Robot with LiPo battery. IR-sensor and Ultrasonic sensor on a servo in the front.

My biggest problem right now is that the sensors behave a bit uncertainly, not just noisy but also depending on material, angle and size of the object you get different readings. I have tried to mediate this by combining the IR with the ultrasonic.

IR has small angle but is sensitive to reflective, transparent and luminescent materials. It also behaves badly on striped materials. And my IR sensor also works ok between 20 and 100 cm.

Ultrasonic sensor has wide angle 15-20 degrees, is quite precise, works on most materials that I know of but is sensitive to steep angles.

Combining sensor input into maps

Combined heading from compass sensor with distance readings from ultrasonic (green) and IR  (red), black lines are robot headings

Today I started to try and combine several measurements from different sensors into a single picture. I scan the environment using the ultrasonic sonar and IR distance sensors and draw a picture of the robots environment. Currently I do not account for position.

The ultrasonic sensor has really wide angles of 15 degrees making it ideal to scan the environment fast. It also has better range than the IR sensors around 2 meters while the IR sensor starts to give inaccurate readings after a meter or so.

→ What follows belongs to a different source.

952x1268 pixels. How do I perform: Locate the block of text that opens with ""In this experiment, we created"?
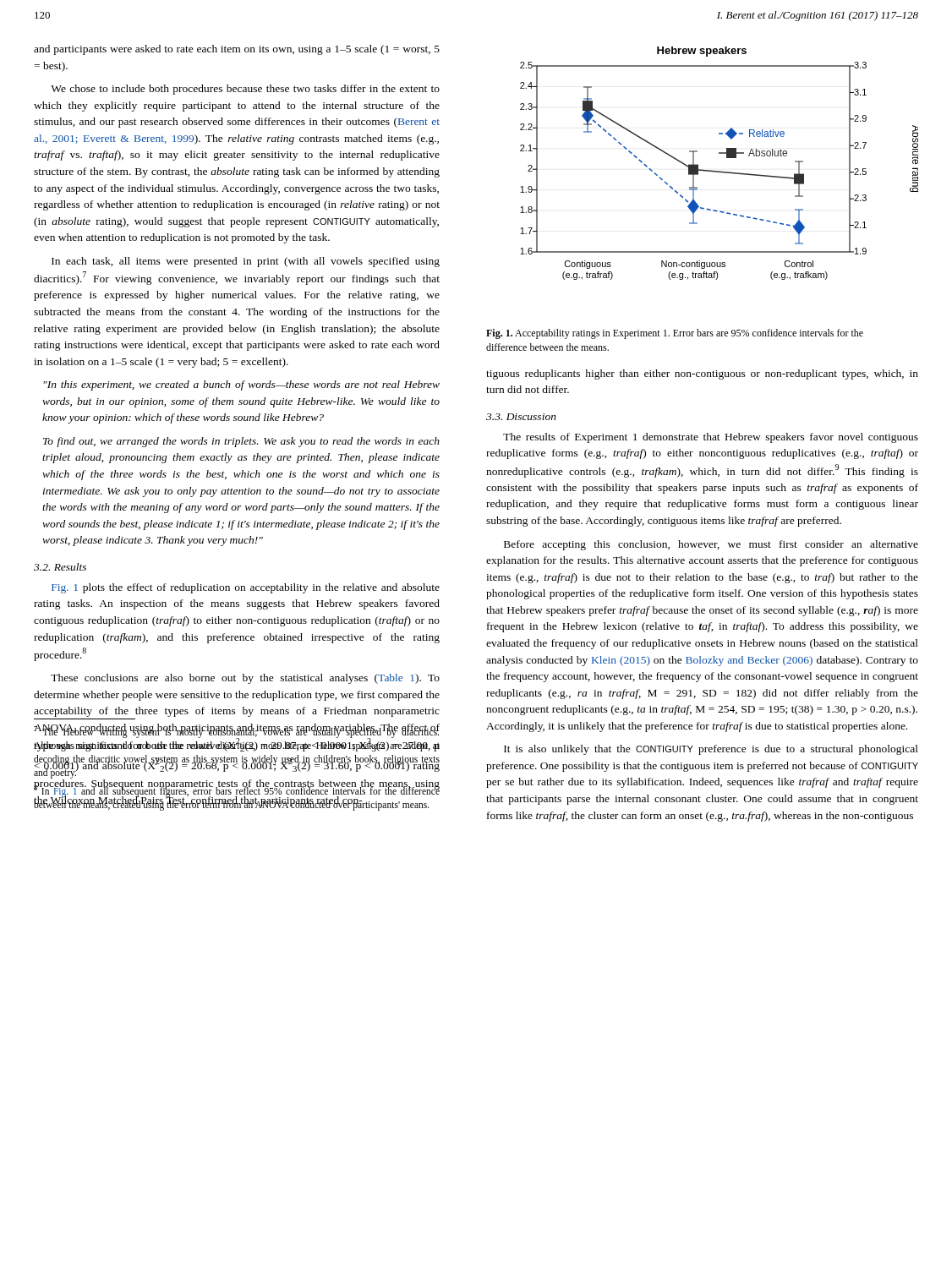(241, 401)

The compass gives really crappy values, but I started on an algorithm to correct it based on linear mapping. I measured 45 degree angles and it seems to work OK. All sensors have a lot of noise on them, some of which I can remove using multiple measurements and making sure to add delays after using servos and motors. I'm thinking of moving all sensor calibration to the Rpi board in order to better calculate noise distributions.

Compass Calibration 

Playing with robot component layout

Today I started to think of different layouts for my robot. I intend to put lots of stuff on this one, that means I quickly ran out of space. Therefore the layout will require at least 3 storage's of components. 

On top camera and electronic compass

Nothing is connected so far, I have tested different components separately. For these images I just put stuff on top of each-other to get a feel for the space requirements and possible problems.

Middle level, USB hub with wifi, Raspberry Pi Model A, and batteries

One of the main concerns is interference on the electronic compass circuit. That must be tested together with other components. Another concern is that I think I might run out of Arduino pins, so I'm prepared to use two boards for this robot. My third concern is battery consumption, the RPi needs to be powered, so the plan is to power the USB hub from batteries. For that I need to 7805 circuit that has a decent ampage...

Bottom level, H-Bridge, Arduino 1, Arduino 2 with 433 MHz radio and speaker.

A speaker for the localization-trilateration of the robot.

Distance Sensors,HC-SR04 and Sharp IR sensor for mapping

Now its time to drill holes and connect the different components...

Ultrasonic transducers ordered

Ultrasonic Wave TCT40-18R from dx.com

Last night I ordered a pair of Ultrasonic Wave Transmitter and Receiver heads. These are driven at 40kHz compared to the 4.8kHz I run the current radio beacons at. My hope is that I can use these to improve the accuracy of the radio beacons. The idea is not to measure distance to an object but to measure distance between two specific entities, the robot and a radio-beacon.

I have tried using two HC-SR04 units and tried measure the distance between them but the echo cannot be detected before the trigger has been activated.

A schematic for ultrasonic range finder from micro-examples.com

I intend to build one sending circuit for the robot and one receiver circuit for the radio-beacon with these. I found the above schematics from micro-examples.com with PIC example code. That circuit looks easy to connect and I just need to divide it into two parts. The code needs to be adapted to Arduino but that sounds even more easy, PWM at 40kHz, delay to avoid false readings and wait for the response... easy as pie. I can probably use the pulseIn Arduino function or a interrupt trigger.

USB-HUB

Not really related but I also ordered a 4-port USB HUB with individual switches for the new workshop. I hope that will save me from the wear and tear of pulling those USB cable out and press them in all the time.